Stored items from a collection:
-=-=-
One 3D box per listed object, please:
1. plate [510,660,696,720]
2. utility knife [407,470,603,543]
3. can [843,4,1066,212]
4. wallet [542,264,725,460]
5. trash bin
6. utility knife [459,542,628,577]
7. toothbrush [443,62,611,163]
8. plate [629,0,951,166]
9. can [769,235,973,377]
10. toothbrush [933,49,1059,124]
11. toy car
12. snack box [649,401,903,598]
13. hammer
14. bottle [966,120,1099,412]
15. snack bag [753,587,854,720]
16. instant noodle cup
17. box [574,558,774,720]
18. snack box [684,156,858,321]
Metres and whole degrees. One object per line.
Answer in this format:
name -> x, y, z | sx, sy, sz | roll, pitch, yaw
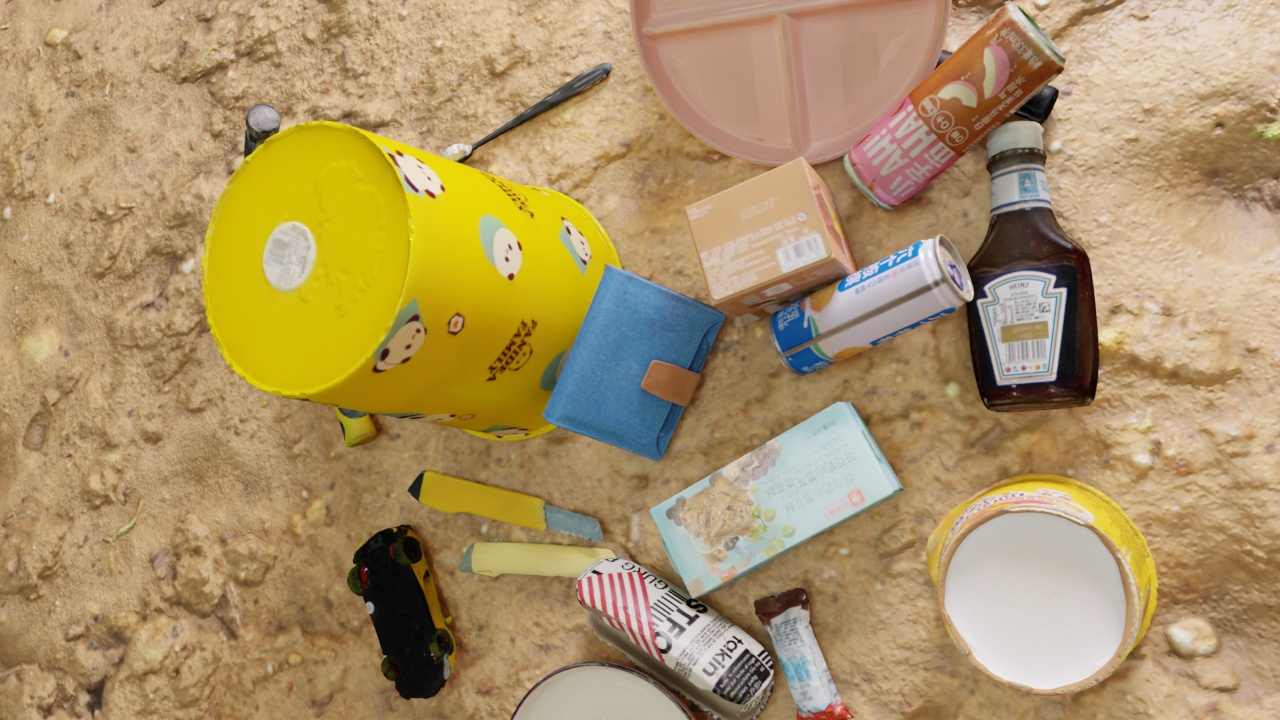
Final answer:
plate -> -0.020, 0.328, 0.713 | 0.193, 0.039, 0.192 | -2, 87, 26
utility knife -> -0.119, 0.128, 0.794 | 0.209, 0.015, 0.033 | 9, 88, 28
can -> 0.212, -0.170, 0.629 | 0.148, 0.057, 0.058 | -42, 69, 33
wallet -> -0.004, 0.004, 0.717 | 0.133, 0.106, 0.040 | -66, 21, 7
trash bin -> -0.167, -0.054, 0.705 | 0.230, 0.255, 0.229 | -2, 84, 25
utility knife -> -0.081, 0.171, 0.773 | 0.168, 0.018, 0.031 | -2, 88, 26
toothbrush -> -0.103, -0.221, 0.825 | 0.181, 0.018, 0.015 | -23, 72, 20
plate -> 0.104, -0.254, 0.663 | 0.230, 0.028, 0.230 | 10, 124, 15
can -> 0.160, -0.037, 0.646 | 0.135, 0.053, 0.053 | -27, 74, 34
toothbrush -> 0.200, -0.223, 0.679 | 0.213, 0.027, 0.026 | 30, 53, 26
toy car -> -0.208, 0.223, 0.813 | 0.071, 0.041, 0.155 | -32, 71, 19
snack box -> 0.098, 0.104, 0.677 | 0.175, 0.051, 0.074 | -33, 71, 19
hammer -> -0.319, -0.071, 0.879 | 0.126, 0.031, 0.323 | -33, 77, 60
bottle -> 0.262, -0.064, 0.623 | 0.080, 0.044, 0.194 | -7, 80, 34
snack bag -> 0.118, 0.221, 0.670 | 0.045, 0.026, 0.105 | -29, 73, 29
instant noodle cup -> 0.247, 0.142, 0.572 | 0.138, 0.109, 0.138 | -2, 84, 26
box -> 0.023, 0.217, 0.699 | 0.163, 0.076, 0.088 | 24, 127, 25
snack box -> 0.098, -0.084, 0.672 | 0.093, 0.094, 0.077 | -20, 76, 22
-=-=-
## WHAT NEEDS TO BE DONE
Out of the entries, pull every line that mentions "object".

## WRITTEN SOLUTION
One 3D box per listed object, please:
Metres and whole degrees. One object per line.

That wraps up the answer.